I can't quite access whatever this memory is, nor discern the element in this scent that is triggering the memory. The elements in Rose Prick are pretty straightforward: Sichuan pepper, turmeric, May rose, Bulgarian rose, Turkish rose, patchouli and tonka bean, none of which have this effect on me in any other combination. Making the whole thing even stranger.

Having a memory triggered by Rose Prick is, for me, like having a word on the tip of my tongue. It feels like I am this close to figuring what it is about Rose Prick. But, I need to be able to smell Rose Prick in order to unlock the memory it triggers. And then, of course, it stops working, and by then I have a headache. And I give up.

So, when I'm out doing errands, which is not very often these days, finding Rose Prick is part of the plan. So much so that my significant other asked yesterday if we need to find 'rose something'. Which was so nice of him, because yes, we did. 

And, later, on the L, on our way back home, having stopped at Macy's for my dose of Rose Prick, to again try to figure out what it is that I am almost remembering, sniffing my wrist through both my coat and my mask, it was, as always, suddenly, briefly within my grasp. I had it. I knew what it was. It was right there. And then–it was gone. 

It's like forgetting a dream. Then having things just barely remind you of that dream all day long. Then, it stops working. And then I'm just stuck smelling like Rose Prick, and honesty, I'm starting to get used to it.   

It's almost like I'm chasing a dragon. And it's occurred to me that maybe that's the whole point of this perfume. That maybe this is the effect it has on everyone. That it's not just me, but part of the perfume's alchemy. That perhaps the scent is so bad because the scent isn't even the point.  

Maybe the real magic of Rose Prick is in it's chemical makeup which, as it is inhaled, intoxicates the wearer, targeting the memory. And all one has to do is apply more Rose Prick. Maybe the fact that the perfume itself is so bad while also being so addictive is the real 'f you', right there and really, how else for a designer to finally say FU to their customer base than via such a devious campaign!?!  

All that aside, my first impression of Rose Prick was that it had absolutely nothing to do with roses. Sure, it has an accord in part made up of roses. But if it were called anything else, something generic such as, 'Fleur-de-Lis', I would not detect a single roses in Rose Prick. What I do detect is something candied. And maybe something reminiscent of bath powder. Or, if there are any roses, they are made edible somehow, like Turkish Delight. But fresh cut roses? No, there are no fresh cut roses, nor anything else that is fresh in Rose Prick.
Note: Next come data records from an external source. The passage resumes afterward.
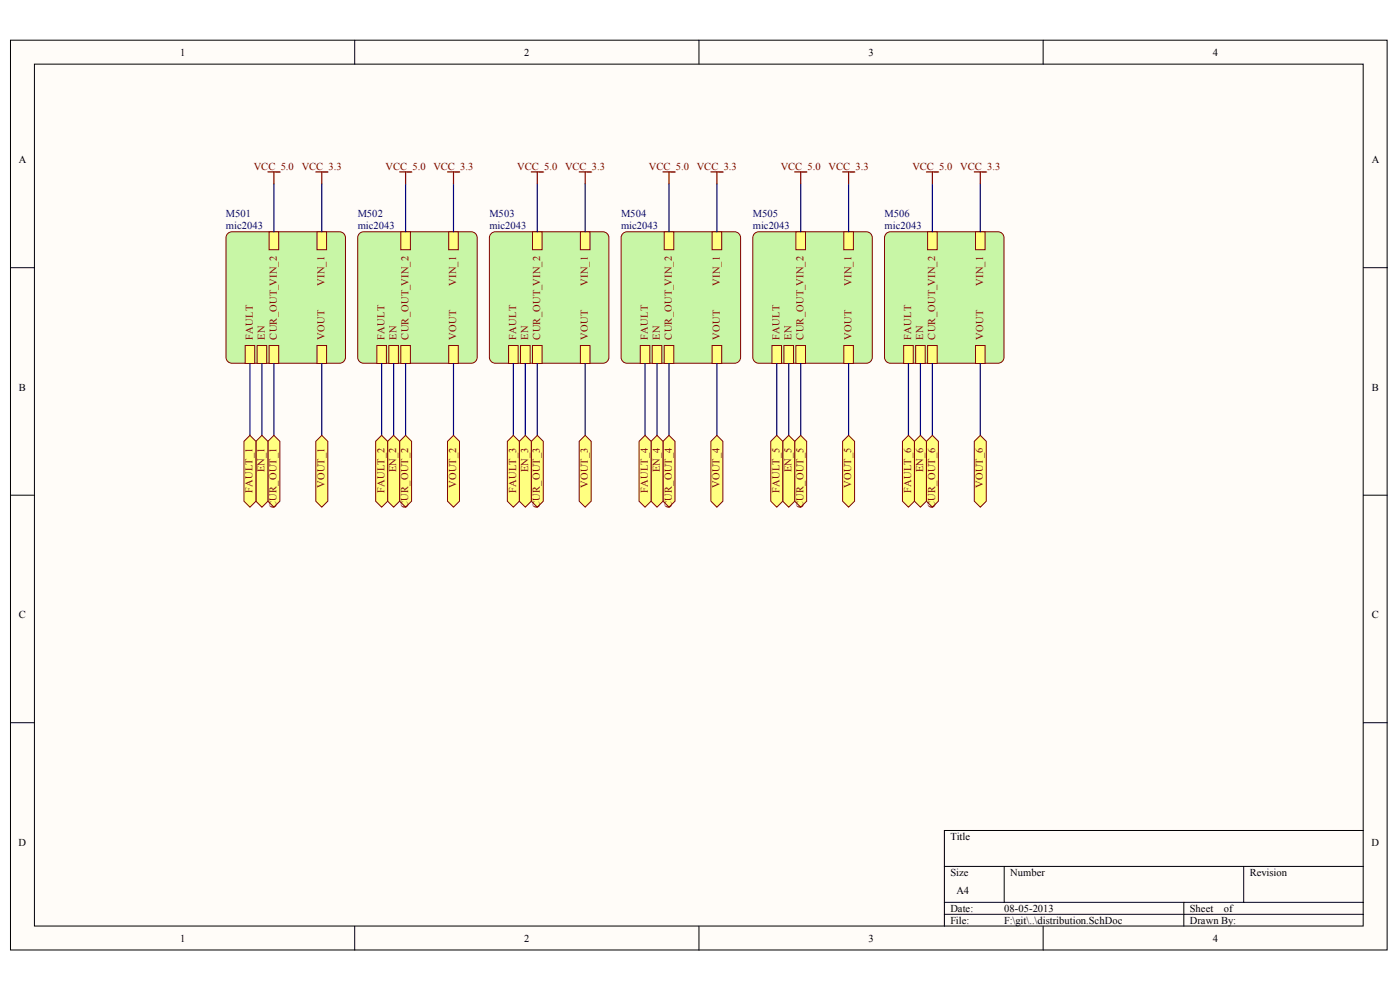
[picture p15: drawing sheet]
<svg xmlns="http://www.w3.org/2000/svg" width="288mm" height="204mm" viewBox="0 0 288 204" stroke-linecap="round" stroke-linejoin="round" font-family="sans-serif">
<defs><g id="words">
<g font-size="2.2">
<text x="37" y="11.4">1</text>
<text x="107.8" y="11.4">2</text>
<text x="178.6" y="11.4">3</text>
<text x="249.4" y="11.4">4</text>
<text x="3.9" y="33.6">A</text>
<text x="282" y="33.6">A</text>
<text x="3.9" y="80.3">B</text>
<text x="282.1" y="80.3">B</text>
<text x="3.9" y="127.1">C</text>
<text x="282.1" y="127.1">C</text>
<text x="3.8" y="173.9">D</text>
<text x="195.4" y="172.6">Title</text>
<text x="282" y="173.9">D</text>
<text x="195.4" y="180">Size</text>
<text x="196.6" y="183.7">A4</text>
<text x="207.7" y="180">Number</text>
<text x="257" y="180">Revision</text>
<text x="195.4" y="187.4">Date:</text>
<text x="195.4" y="189.9">File:</text>
<text x="206.5" y="187.4">08-05-2013</text>
<text x="206.5" y="189.9">F:\git\..\distribution.SchDoc</text>
<text x="244.6" y="187.4">Sheet</text>
<text x="244.6" y="189.9">Drawn By:</text>
<text x="251.7" y="187.4">of</text>
<text x="37" y="193.6">1</text>
<text x="107.8" y="193.6">2</text>
<text x="178.6" y="193.6">3</text>
<text x="249.4" y="193.6">4</text>
</g>
<g font-size="2.2" fill="#800000">
<text x="52.2" y="34.9">VCC_5.0</text>
<text x="62.1" y="34.9">VCC_3.3</text>
<text x="79.3" y="34.9">VCC_5.0</text>
<text x="89.1" y="34.9">VCC_3.3</text>
<text x="106.4" y="34.9">VCC_5.0</text>
<text x="116.2" y="34.9">VCC_3.3</text>
<text x="133.4" y="34.9">VCC_5.0</text>
<text x="143.3" y="34.9">VCC_3.3</text>
<text x="160.5" y="34.9">VCC_5.0</text>
<text x="170.4" y="34.9">VCC_3.3</text>
<text x="187.6" y="34.9">VCC_5.0</text>
<text x="197.5" y="34.9">VCC_3.3</text>
</g>
<g font-size="2.2" fill="#000080">
<text x="46.5" y="44.7">M501</text>
<text x="46.5" y="47.2">mic2043</text>
<text x="73.5" y="44.7">M502</text>
<text x="73.5" y="47.2">mic2043</text>
<text x="100.6" y="44.7">M503</text>
<text x="100.6" y="47.2">mic2043</text>
<text x="127.7" y="44.7">M504</text>
<text x="127.7" y="47.2">mic2043</text>
<text x="154.8" y="44.7">M505</text>
<text x="154.8" y="47.2">mic2043</text>
<text x="181.9" y="44.7">M506</text>
<text x="181.9" y="47.2">mic2043</text>
</g>
<g font-size="2.1" fill="#800000">
<text x="66.7" y="58.7" transform="rotate(-90 66.7 58.7)">VIN_1</text>
<text x="93.8" y="58.7" transform="rotate(-90 93.8 58.7)">VIN_1</text>
<text x="120.9" y="58.7" transform="rotate(-90 120.9 58.7)">VIN_1</text>
<text x="148" y="58.7" transform="rotate(-90 148 58.7)">VIN_1</text>
<text x="175.1" y="58.7" transform="rotate(-90 175.1 58.7)">VIN_1</text>
<text x="202.1" y="58.7" transform="rotate(-90 202.1 58.7)">VIN_1</text>
<text x="52" y="69.8" transform="rotate(-90 52 69.8)">FAULT</text>
<text x="54.4" y="69.8" transform="rotate(-90 54.4 69.8)">EN</text>
<text x="56.9" y="69.8" transform="rotate(-90 56.9 69.8)">CUR_OUT_VIN_2</text>
<text x="66.7" y="69.8" transform="rotate(-90 66.7 69.8)">VOUT</text>
<text x="79.1" y="69.8" transform="rotate(-90 79.1 69.8)">FAULT</text>
<text x="81.5" y="69.8" transform="rotate(-90 81.5 69.8)">EN</text>
<text x="84" y="69.8" transform="rotate(-90 84 69.8)">CUR_OUT_VIN_2</text>
<text x="93.8" y="69.8" transform="rotate(-90 93.8 69.8)">VOUT</text>
<text x="106.1" y="69.8" transform="rotate(-90 106.1 69.8)">FAULT</text>
<text x="108.6" y="69.8" transform="rotate(-90 108.6 69.8)">EN</text>
<text x="111.1" y="69.8" transform="rotate(-90 111.1 69.8)">CUR_OUT_VIN_2</text>
<text x="120.9" y="69.8" transform="rotate(-90 120.9 69.8)">VOUT</text>
<text x="133.2" y="69.8" transform="rotate(-90 133.2 69.8)">FAULT</text>
<text x="135.7" y="69.8" transform="rotate(-90 135.7 69.8)">EN</text>
<text x="138.1" y="69.8" transform="rotate(-90 138.1 69.8)">CUR_OUT_VIN_2</text>
<text x="148" y="69.8" transform="rotate(-90 148 69.8)">VOUT</text>
<text x="160.3" y="69.8" transform="rotate(-90 160.3 69.8)">FAULT</text>
<text x="162.8" y="69.8" transform="rotate(-90 162.8 69.8)">EN</text>
<text x="165.2" y="69.8" transform="rotate(-90 165.2 69.8)">CUR_OUT_VIN_2</text>
<text x="175.1" y="69.8" transform="rotate(-90 175.1 69.8)">VOUT</text>
<text x="187.4" y="69.8" transform="rotate(-90 187.4 69.8)">FAULT</text>
<text x="189.8" y="69.8" transform="rotate(-90 189.8 69.8)">EN</text>
<text x="192.3" y="69.8" transform="rotate(-90 192.3 69.8)">CUR_OUT_VIN_2</text>
<text x="202.1" y="69.8" transform="rotate(-90 202.1 69.8)">VOUT</text>
<text x="51.9" y="101.3" transform="rotate(-90 51.9 101.3)">FAULT_1</text>
<text x="54.4" y="97.1" transform="rotate(-90 54.4 97.1)">EN_1</text>
<text x="66.7" y="100.3" transform="rotate(-90 66.7 100.3)">VOUT_1</text>
<text x="79" y="101.3" transform="rotate(-90 79 101.3)">FAULT_2</text>
<text x="81.5" y="97.1" transform="rotate(-90 81.5 97.1)">EN_2</text>
<text x="93.8" y="100.3" transform="rotate(-90 93.8 100.3)">VOUT_2</text>
<text x="106.1" y="101.3" transform="rotate(-90 106.1 101.3)">FAULT_3</text>
<text x="108.6" y="97.1" transform="rotate(-90 108.6 97.1)">EN_3</text>
<text x="120.9" y="100.3" transform="rotate(-90 120.9 100.3)">VOUT_3</text>
<text x="133.2" y="101.3" transform="rotate(-90 133.2 101.3)">FAULT_4</text>
<text x="135.7" y="97.1" transform="rotate(-90 135.7 97.1)">EN_4</text>
<text x="148" y="100.3" transform="rotate(-90 148 100.3)">VOUT_4</text>
<text x="160.3" y="101.3" transform="rotate(-90 160.3 101.3)">FAULT_5</text>
<text x="162.7" y="97.1" transform="rotate(-90 162.7 97.1)">EN_5</text>
<text x="175" y="100.3" transform="rotate(-90 175 100.3)">VOUT_5</text>
<text x="187.3" y="101.3" transform="rotate(-90 187.3 101.3)">FAULT_6</text>
<text x="189.8" y="97.1" transform="rotate(-90 189.8 97.1)">EN_6</text>
<text x="202.1" y="100.3" transform="rotate(-90 202.1 100.3)">VOUT_6</text>
<text x="56.9" y="104.4" transform="rotate(-90 56.9 104.4)">CUR_OUT_1</text>
<text x="84" y="104.4" transform="rotate(-90 84 104.4)">CUR_OUT_2</text>
<text x="111" y="104.4" transform="rotate(-90 111 104.4)">CUR_OUT_3</text>
<text x="138.1" y="104.4" transform="rotate(-90 138.1 104.4)">CUR_OUT_4</text>
<text x="165.2" y="104.4" transform="rotate(-90 165.2 104.4)">CUR_OUT_5</text>
<text x="192.3" y="104.4" transform="rotate(-90 192.3 104.4)">CUR_OUT_6</text>
</g>
</g></defs>
<g fill="#fffcf8" stroke="#000" stroke-width=".21">
<path d="M2.2 8.3h283v187h-283z"/>
<path d="M7.1 13.2h273.2v177.1h-273.2z"/>
</g>
<g fill="none" stroke="#000" stroke-width=".21">
<path d="M72.9 8.3v4.9M143.7 8.3v4.9M214.5 8.3v4.9M2.2 55h4.9M280.3 55h5M2.2 101.8h4.9M280.3 101.8h5M2.2 148.6h4.9M280.3 148.6h5M194.2 178.1h86.1M206.5 178.1v7.4M255.7 178.1v7.4"/>
<path d="M280.3 170.7h-86.1v19.7M72.9 190.4v4.9M143.7 190.4v4.9M194.2 185.5h86.1M194.2 187.9h86.1M214.5 190.4v4.9M243.4 185.5v4.9"/>
</g>
<path d="M46.7 48.1l.6-.4 .4-.1h22.1a1.23 1.23 0 0 1 1.2 1.3v24.5a1.23 1.23 0 0 1-1.2 1.3h-22.1a1.23 1.23 0 0 1-1.2-1.3v-24.5z" fill="#c8f6a6" stroke="#800000" stroke-width=".21"/>
<g fill="#ffff80" stroke="#800000" stroke-width=".21">
<path d="M52.9 71h1.9v3.7h-1.9z" fill-rule="evenodd"/>
<path d="M50.4 71h2v3.7h-2z" fill-rule="evenodd"/>
<path d="M65.2 71h1.9v3.7h-1.9z" fill-rule="evenodd"/>
<path d="M65.2 47.6h1.9v3.7h-1.9z" fill-rule="evenodd"/>
<path d="M55.3 71h2v3.7h-2z" fill-rule="evenodd"/>
<path d="M55.3 47.6h2v3.7h-2z" fill-rule="evenodd"/>
</g>
<path d="M56.3 37.8v9.8M66.2 37.8v9.8M51.4 74.7v14.8M53.9 74.7v14.8M56.3 74.7v14.8M66.2 74.7v14.8" fill="none" stroke="#000080" stroke-width=".25"/>
<g fill="#ffff80" stroke="#800000" stroke-width=".21">
<path d="M55.1 90.7l1.2-1.2 1.2 1.2v12.3l-1.2 1.3-1.2-1.3z" fill-rule="evenodd"/>
<path d="M52.6 90.7l1.3-1.2 1.2 1.2v12.3l-1.2 1.3-1.3-1.3z" fill-rule="evenodd"/>
<path d="M50.2 90.7l1.2-1.2 1.2 1.2v12.3l-1.2 1.3-1.2-1.3z" fill-rule="evenodd"/>
</g>
<path d="M55.1 35.3h2.4M56.3 35.3v2.5M64.9 35.3h2.5M66.2 35.3v2.5" fill="none" stroke="#800000" stroke-width=".25"/>
<path d="M64.9 90.7l1.3-1.2 1.2 1.2v12.3l-1.2 1.3-1.3-1.3z" fill-rule="evenodd" fill="#ffff80" stroke="#800000" stroke-width=".21"/>
<path d="M73.8 48.1l.6-.4 .4-.1h22.1a1.23 1.23 0 0 1 1.2 1.3v24.5a1.23 1.23 0 0 1-1.2 1.3h-22.1a1.23 1.23 0 0 1-1.3-1.3v-24.5z" fill="#c8f6a6" stroke="#800000" stroke-width=".21"/>
<g fill="#ffff80" stroke="#800000" stroke-width=".21">
<path d="M80 71h1.9v3.7h-1.9z" fill-rule="evenodd"/>
<path d="M77.5 71h2v3.7h-2z" fill-rule="evenodd"/>
<path d="M92.3 71h1.9v3.7h-1.9z" fill-rule="evenodd"/>
<path d="M92.3 47.6h1.9v3.7h-1.9z" fill-rule="evenodd"/>
<path d="M82.4 71h2v3.7h-2z" fill-rule="evenodd"/>
<path d="M82.4 47.6h2v3.7h-2z" fill-rule="evenodd"/>
</g>
<path d="M83.4 37.8v9.8M93.2 37.8v9.8M78.5 74.7v14.8M80.9 74.7v14.8M83.4 74.7v14.8M93.2 74.7v14.8" fill="none" stroke="#000080" stroke-width=".25"/>
<g fill="#ffff80" stroke="#800000" stroke-width=".21">
<path d="M82.2 90.7l1.2-1.2 1.2 1.2v12.3l-1.2 1.3-1.2-1.3z" fill-rule="evenodd"/>
<path d="M79.7 90.7l1.2-1.2 1.3 1.2v12.3l-1.3 1.3-1.2-1.3z" fill-rule="evenodd"/>
<path d="M77.2 90.7l1.3-1.2 1.2 1.2v12.3l-1.2 1.3-1.3-1.3z" fill-rule="evenodd"/>
</g>
<path d="M82.2 35.3h2.4M83.4 35.3v2.5M92 35.3h2.5M93.2 35.3v2.5" fill="none" stroke="#800000" stroke-width=".25"/>
<path d="M92 90.7l1.2-1.2 1.3 1.2v12.3l-1.3 1.3-1.2-1.3z" fill-rule="evenodd" fill="#ffff80" stroke="#800000" stroke-width=".21"/>
<path d="M100.9 48.1l.6-.4 .4-.1h22.1a1.23 1.23 0 0 1 1.2 1.3v24.5a1.23 1.23 0 0 1-1.2 1.3h-22.1a1.23 1.23 0 0 1-1.3-1.3v-24.5z" fill="#c8f6a6" stroke="#800000" stroke-width=".21"/>
<g fill="#ffff80" stroke="#800000" stroke-width=".21">
<path d="M107 71h2v3.7h-2z" fill-rule="evenodd"/>
<path d="M104.6 71h1.9v3.7h-1.9z" fill-rule="evenodd"/>
<path d="M119.3 71h2v3.7h-2z" fill-rule="evenodd"/>
<path d="M119.3 47.6h2v3.7h-2z" fill-rule="evenodd"/>
<path d="M109.5 71h2v3.7h-2z" fill-rule="evenodd"/>
<path d="M109.5 47.6h2v3.7h-2z" fill-rule="evenodd"/>
</g>
<path d="M110.5 37.8v9.8M120.3 37.8v9.8M105.6 74.7v14.8M108 74.7v14.8M110.5 74.7v14.8M120.3 74.7v14.8" fill="none" stroke="#000080" stroke-width=".25"/>
<g fill="#ffff80" stroke="#800000" stroke-width=".21">
<path d="M109.2 90.7l1.3-1.2 1.2 1.2v12.3l-1.2 1.3-1.3-1.3z" fill-rule="evenodd"/>
<path d="M106.8 90.7l1.2-1.2 1.2 1.2v12.3l-1.2 1.3-1.2-1.3z" fill-rule="evenodd"/>
<path d="M104.3 90.7l1.3-1.2 1.2 1.2v12.3l-1.2 1.3-1.3-1.3z" fill-rule="evenodd"/>
</g>
<path d="M109.2 35.3h2.5M110.5 35.3v2.5M119.1 35.3h2.5M120.3 35.3v2.5" fill="none" stroke="#800000" stroke-width=".25"/>
<path d="M119.1 90.7l1.2-1.2 1.3 1.2v12.3l-1.3 1.3-1.2-1.3z" fill-rule="evenodd" fill="#ffff80" stroke="#800000" stroke-width=".21"/>
<path d="M127.9 48.1l.7-.4 .3-.1h22.1a1.23 1.23 0 0 1 1.3 1.3v24.5a1.23 1.23 0 0 1-1.3 1.3h-22.1a1.23 1.23 0 0 1-1.2-1.3v-24.5z" fill="#c8f6a6" stroke="#800000" stroke-width=".21"/>
<g fill="#ffff80" stroke="#800000" stroke-width=".21">
<path d="M134.1 71h2v3.7h-2z" fill-rule="evenodd"/>
<path d="M131.6 71h2v3.7h-2z" fill-rule="evenodd"/>
<path d="M146.4 71h2v3.7h-2z" fill-rule="evenodd"/>
<path d="M146.4 47.6h2v3.7h-2z" fill-rule="evenodd"/>
<path d="M136.6 71h1.9v3.7h-1.9z" fill-rule="evenodd"/>
<path d="M136.6 47.6h1.9v3.7h-1.9z" fill-rule="evenodd"/>
</g>
<path d="M137.6 37.8v9.8M147.4 37.8v9.8M132.6 74.7v14.8M135.1 74.7v14.8M137.6 74.7v14.8M147.4 74.7v14.8" fill="none" stroke="#000080" stroke-width=".25"/>
<g fill="#ffff80" stroke="#800000" stroke-width=".21">
<path d="M136.3 90.7l1.3-1.2 1.2 1.2v12.3l-1.2 1.3-1.3-1.3z" fill-rule="evenodd"/>
<path d="M133.9 90.7l1.2-1.2 1.2 1.2v12.3l-1.2 1.3-1.2-1.3z" fill-rule="evenodd"/>
<path d="M131.4 90.7l1.2-1.2 1.3 1.2v12.3l-1.3 1.3-1.2-1.3z" fill-rule="evenodd"/>
</g>
<path d="M136.3 35.3h2.5M137.6 35.3v2.5M146.2 35.3h2.4M147.4 35.3v2.5" fill="none" stroke="#800000" stroke-width=".25"/>
<path d="M146.2 90.7l1.2-1.2 1.2 1.2v12.3l-1.2 1.3-1.2-1.3z" fill-rule="evenodd" fill="#ffff80" stroke="#800000" stroke-width=".21"/>
<path d="M155 48.1l.6-.4 .4-.1h22.1a1.23 1.23 0 0 1 1.3 1.3v24.5a1.23 1.23 0 0 1-1.3 1.3h-22.1a1.23 1.23 0 0 1-1.2-1.3v-24.5z" fill="#c8f6a6" stroke="#800000" stroke-width=".21"/>
<g fill="#ffff80" stroke="#800000" stroke-width=".21">
<path d="M161.2 71h2v3.7h-2z" fill-rule="evenodd"/>
<path d="M158.7 71h2v3.7h-2z" fill-rule="evenodd"/>
<path d="M173.5 71h2v3.7h-2z" fill-rule="evenodd"/>
<path d="M173.5 47.6h2v3.7h-2z" fill-rule="evenodd"/>
<path d="M163.7 71h1.9v3.7h-1.9z" fill-rule="evenodd"/>
<path d="M163.7 47.6h1.9v3.7h-1.9z" fill-rule="evenodd"/>
</g>
<path d="M164.6 37.8v9.8M174.5 37.8v9.8M159.7 74.7v14.8M162.2 74.7v14.8M164.6 74.7v14.8M174.5 74.7v14.8" fill="none" stroke="#000080" stroke-width=".25"/>
<g fill="#ffff80" stroke="#800000" stroke-width=".21">
<path d="M163.4 90.7l1.2-1.2 1.3 1.2v12.3l-1.3 1.3-1.2-1.3z" fill-rule="evenodd"/>
<path d="M160.9 90.7l1.3-1.2 1.2 1.2v12.3l-1.2 1.3-1.3-1.3z" fill-rule="evenodd"/>
<path d="M158.5 90.7l1.2-1.2 1.2 1.2v12.3l-1.2 1.3-1.2-1.3z" fill-rule="evenodd"/>
</g>
<path d="M163.4 35.3h2.5M164.6 35.3v2.5M173.3 35.3h2.4M174.5 35.3v2.5" fill="none" stroke="#800000" stroke-width=".25"/>
<path d="M173.3 90.7l1.2-1.2 1.2 1.2v12.3l-1.2 1.3-1.2-1.3z" fill-rule="evenodd" fill="#ffff80" stroke="#800000" stroke-width=".21"/>
<path d="M182.1 48.1l.6-.4 .4-.1h22.1a1.23 1.23 0 0 1 1.2 1.3v24.5a1.23 1.23 0 0 1-1.2 1.3h-22.1a1.23 1.23 0 0 1-1.2-1.3v-24.5z" fill="#c8f6a6" stroke="#800000" stroke-width=".21"/>
<g fill="#ffff80" stroke="#800000" stroke-width=".21">
<path d="M188.3 71h1.9v3.7h-1.9z" fill-rule="evenodd"/>
<path d="M185.8 71h2v3.7h-2z" fill-rule="evenodd"/>
<path d="M200.6 71h2v3.7h-2z" fill-rule="evenodd"/>
<path d="M200.6 47.6h2v3.7h-2z" fill-rule="evenodd"/>
<path d="M190.7 71h2v3.7h-2z" fill-rule="evenodd"/>
<path d="M190.7 47.6h2v3.7h-2z" fill-rule="evenodd"/>
</g>
<path d="M191.7 37.8v9.8M201.6 37.8v9.8M186.8 74.7v14.8M189.3 74.7v14.8M191.7 74.7v14.8M201.6 74.7v14.8" fill="none" stroke="#000080" stroke-width=".25"/>
<g fill="#ffff80" stroke="#800000" stroke-width=".21">
<path d="M190.5 90.7l1.2-1.2 1.2 1.2v12.3l-1.2 1.3-1.2-1.3z" fill-rule="evenodd"/>
<path d="M188 90.7l1.3-1.2 1.2 1.2v12.3l-1.2 1.3-1.3-1.3z" fill-rule="evenodd"/>
<path d="M185.6 90.7l1.2-1.2 1.2 1.2v12.3l-1.2 1.3-1.2-1.3z" fill-rule="evenodd"/>
</g>
<path d="M190.5 35.3h2.4M191.7 35.3v2.5M200.3 35.3h2.5M201.6 35.3v2.5" fill="none" stroke="#800000" stroke-width=".25"/>
<path d="M200.3 90.7l1.3-1.2 1.2 1.2v12.3l-1.2 1.3-1.3-1.3z" fill-rule="evenodd" fill="#ffff80" stroke="#800000" stroke-width=".21"/>
<use href="#words"/>
</svg>

Or! If there are any roses to be found in Rose Prick, they've been boiled down with sugar for hours, made molten, then cooled into something hard, clear and artificial like a red lollipop, whose flavor is described only as "Red". But even then–it doesn't address the 'something else in there' element. And, again–this is where it all get so confusing. I am not simply mystified by the terribleness of this scent, but, as stated above, by what it evokes: by what it does. By what it is doing.  

And, if it even matters, what I'm almost remembering are the vaguest of impressions. And I feel like it's a mistake to attempt to put it into words, but if pressed, I'd say the memory has something to do with a hospital or cotton candy or a carnival or a nurse or medicine. 

So, these days, if I walk into Macy's it's not casually, but in order to accomplish the following: 

1. To spray Rose Prick on my wrist–a wrist that already has zero perfume on it because: 

A. I only wear perfume around the house, if ever.

B. I don't want to offend anyone else with my perfume, in the odd circumstance I am wearing it. Except in the instance of wearing Rose Prick, then clearly I don't care one bit! (Actually, I do care, quite a bit. Much of this story is completely made up). 

And

C. Given all of the above, I know I'm going to apply some Rose Prick to my wrist at some point if I am doing errands. I know this because I apply Rose Prick to my wrist at some point whenever I do errands. And having it clash with another perfume on my wrist, in the rare instance I am wearing any, would ruin this investigation.  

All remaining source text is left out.